I've also tried using it to add elements at specific locations, and it didn't work consistently. Just like using the background parameter for image generation, I found that describing what I want in the prompt works best.

### Using multiple images

The model can process and combine multiple images at once. In the example below, we use it to create a marketing poster combining the images of these three individual drinks:

![](../resources/img/gpt-image-1-multi-imgs.png)
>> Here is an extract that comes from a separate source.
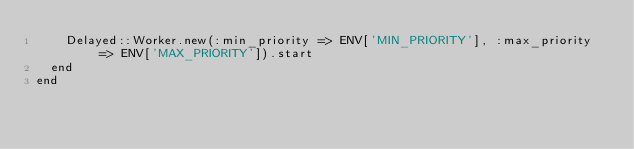<code> <loc_0><loc_0><loc_500><loc_500><_Ruby_>    Delayed::Worker.new(:min_priority => ENV['MIN_PRIORITY'], :max_priority => ENV['MAX_PRIORITY']).start
  end
end
</code>

We provide the three images as a list in the `image` parameter, as follows:

```python
prompt = """
Create a vibrant and eye-catching marketing poster to 
promote the cold drinks offerings at our coffee shop.
"""

img = client.images.edit(
  model="gpt-image-1",
  # We can provide multiple images at once
  image=[
    open("latte.png", "rb"),
    open("americano.png", "rb"),
    open("icetea.png", "rb"),
  ],
  prompt=prompt,
  size="1536x1024",
)
```

Here’s the result:

![](../resources/img/gpt-image-2-multi-imgs.png)

## GPT-Image-1 Pricing

Generating images is charged based on:

1. The number of tokens in the text prompt.
2. The number of tokens in the input images.
3. The number of tokens in the output image.

![](../resources/img/gpt-image-pricing.png)

Sometimes it’s hard to get an idea of what these costs represent because we don’t know how many tokens an image consists of. 

Because the dimensions of the output images are known, we know how many tokens are required for each, so we can give precise values for the output image tokens price (which is the most expensive part):

![](../resources//img/gpt-image-pricing-1.png)

This pricing depends on to quality of the image and the size. For more details, check the [GPT Image 1 pricing](https://platform.openai.com/docs/models/gpt-image-1) page.

When we generate an image, the API returns the number of tokens it used, so we can combine it with the above information to know exactly how much it costs. 

We can display the amount of tokens used by printing out the usage field of the result:

```python
img = client.images.generate(
  model="gpt-image-1",
  prompt=prompt,
  background="transparent",
  n=1,
  quality="medium",
  size="1024x1024",
  moderation="auto",
  output_format="png",
)
# Add this to see the usage
print("Prompt tokens:", img.usage.input_tokens_details.text_tokens)
print("Input images tokens:", img.usage.input_tokens_details.image_tokens)
print("Output image tokens:", img.usage.output_tokens)
```

Output:

```bash
Prompt tokens: 8
Input images tokens: 0
Output image tokens: 272
```
 

## Conclusion

Despite a few shortcomings from the API, like masking and transparency not being reliable enough, the model can execute with high precision the instructions provided in the prompt.

I think this model opens up many possibilities for building around it. In this tutorial, we learned the basics of how to use it. Here are a few ideas you might wanna explore to build on top of what you learned here:

* Streamlining the conversion of phone food photos into beautiful food photography to be used by restaurants in their menus.
* Based on a photo of a friend or a selfie, create a sticker pack expressing several emotions to be used in chat apps.
* Create a tool that, given the descriptions of individual scenes, creates a comic book strip from those scenes.